| OptSig.BootWeight {OptSig} | R Documentation |
Weighted Optimal Significance Level for the F-test based on the bootstrap
Description
The function calculates the weighted optimal level of significance for the F-test
The weights are obtained from the bootstrap distribution of the non-centrality parameter estimates
Usage
OptSig.BootWeight(y,x,Rmat,rvec,p=0.5,k=1,nboot=3000,wild=FALSE,Figure=TRUE)
Arguments
y |
a matrix of dependent variable, T by 1 |
x |
a matrix of K independent variable, T by K |
Rmat |
a matrix for J restrictions, J by (K+1) |
rvec |
a vector for restrictions, J by 1 |
p |
prior probability for H0, default is p = 0.5 |
k |
relative loss from Type I and II errors, k = L2/L1, default is k = 1 |
nboot |
the number of bootstrap iterations, the default is 3000 |
wild |
if TRUE, wild bootsrap is conducted (default); if FALSE, bootstrap is based on iid resampling |
Figure |
show graph if TRUE . No graph if FALSE (default) |
Details
The bootstrap can be conducted using either iid resampling or wild bootstrap.
Value
alpha.opt |
Optimal level of significance |
crit.opt |
Critical value at the optimal level |
Note
Applicable to a linear regression model
Author(s)
Jae H. Kim
References
Kim and Choi, 2020, Choosing the Level of Significance: A Decision-theoretic Approach.

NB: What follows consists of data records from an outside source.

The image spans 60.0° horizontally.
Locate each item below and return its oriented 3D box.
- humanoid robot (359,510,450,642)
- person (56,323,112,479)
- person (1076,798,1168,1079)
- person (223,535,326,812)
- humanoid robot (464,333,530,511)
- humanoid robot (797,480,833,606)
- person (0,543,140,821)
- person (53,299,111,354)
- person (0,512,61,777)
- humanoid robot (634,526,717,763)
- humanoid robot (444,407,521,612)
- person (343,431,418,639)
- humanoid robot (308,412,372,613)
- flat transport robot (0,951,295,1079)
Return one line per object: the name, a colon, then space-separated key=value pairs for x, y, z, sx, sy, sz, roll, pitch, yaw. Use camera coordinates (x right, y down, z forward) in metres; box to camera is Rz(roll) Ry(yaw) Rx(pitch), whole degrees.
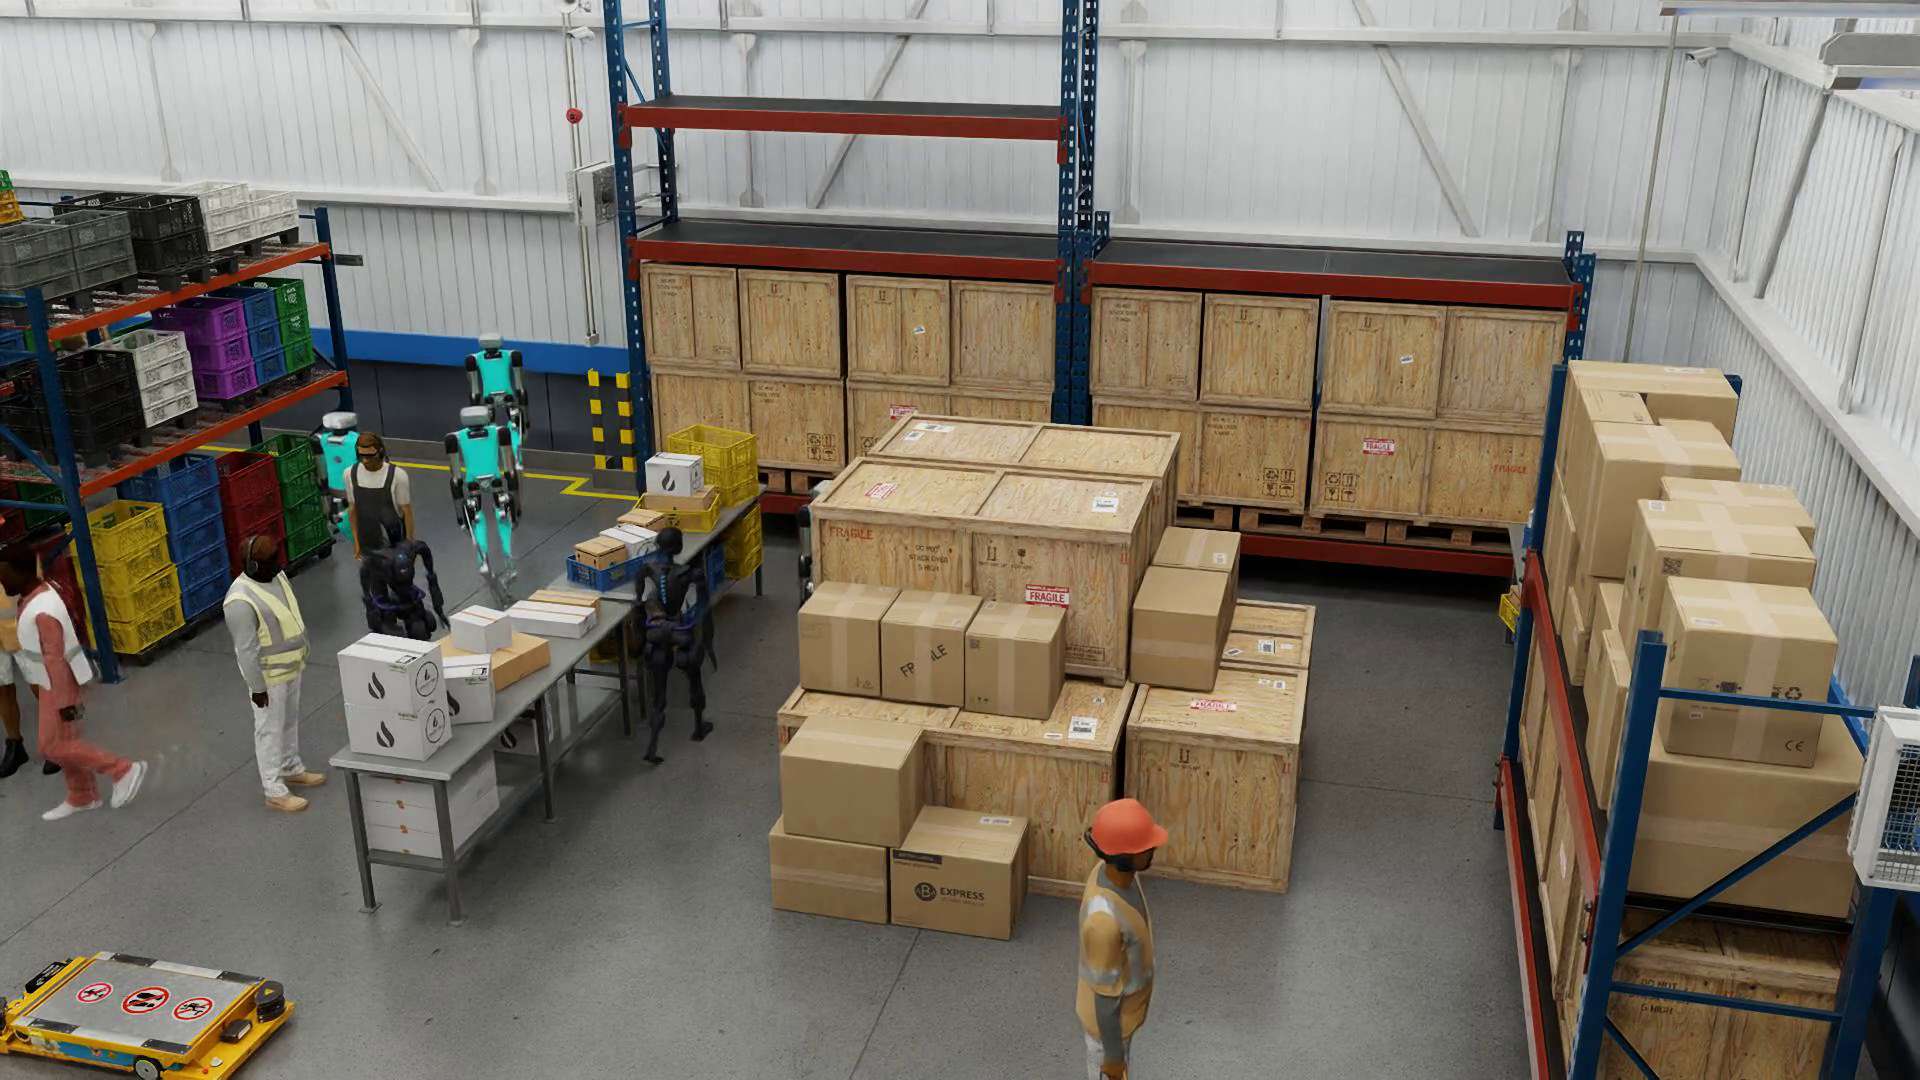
humanoid robot: x=-3.900 y=0.542 z=11.664 sx=0.444 sy=1.645 sz=0.593 roll=20 pitch=28 yaw=41
person: x=-8.696 y=-1.322 z=16.443 sx=0.383 sy=1.729 sz=0.499 roll=4 pitch=21 yaw=9
person: x=0.690 y=2.039 z=7.223 sx=0.365 sy=2.048 sz=0.606 roll=3 pitch=21 yaw=9
person: x=-4.386 y=0.831 z=10.669 sx=0.429 sy=1.841 sz=0.631 roll=0 pitch=21 yaw=1
humanoid robot: x=-4.310 y=-1.019 z=15.667 sx=0.542 sy=1.778 sz=0.851 roll=-6 pitch=22 yaw=-16
humanoid robot: x=-0.950 y=0.514 z=11.697 sx=0.532 sy=1.761 sz=1.013 roll=5 pitch=21 yaw=13
person: x=-5.642 y=0.890 z=10.444 sx=0.506 sy=1.903 sz=0.586 roll=-14 pitch=25 yaw=-33
person: x=-9.480 y=-1.984 z=18.047 sx=0.562 sy=1.835 sz=0.381 roll=-5 pitch=21 yaw=-13
person: x=-6.281 y=0.654 z=10.997 sx=0.545 sy=1.938 sz=0.375 roll=-2 pitch=21 yaw=-5
humanoid robot: x=-1.966 y=0.711 z=11.295 sx=0.590 sy=1.654 sz=0.751 roll=5 pitch=21 yaw=12
humanoid robot: x=-3.781 y=-0.168 z=13.418 sx=0.533 sy=1.732 sz=0.979 roll=-9 pitch=23 yaw=-22
person: x=-4.441 y=0.020 z=12.815 sx=0.500 sy=1.832 sz=0.359 roll=1 pitch=21 yaw=4
humanoid robot: x=-4.892 y=-0.223 z=13.737 sx=0.534 sy=1.873 sz=0.775 roll=3 pitch=21 yaw=7
flat transport robot: x=-4.270 y=2.464 z=8.601 sx=1.431 sy=0.231 sz=0.659 roll=5 pitch=22 yaw=13

Abacus, Wiley. <https://doi.org/10.1111/abac.12172>
See Also
Leamer, E. 1978, Specification Searches: Ad Hoc Inference with Nonexperimental Data, Wiley, New York.
Kim, JH and Ji, P. 2015, Significance Testing in Empirical Finance: A Critical Review and Assessment, Journal of Empirical Finance 34, 1-14. <DOI:http://dx.doi.org/10.1016/j.jempfin.2015.08.006>
Kim, Jae H., 2020, Decision-theoretic hypothesis testing: A primer with R package OptSig, The American Statistician. <https://doi.org/10.1080/00031305.2020.1750484.>
Examples
data(data1)
# Define Y and X
y=data1$lnoutput; x=cbind(data1$lncapital,data1$lnlabor)
# Restriction matrices to test for constant returns to scale
Rmat=matrix(c(0,1,1),nrow=1); rvec=matrix(0.94,nrow=1)
OptSig.Boot(y,x,Rmat,rvec,p=0.5,k=1,nboot=1000,Figure=TRUE)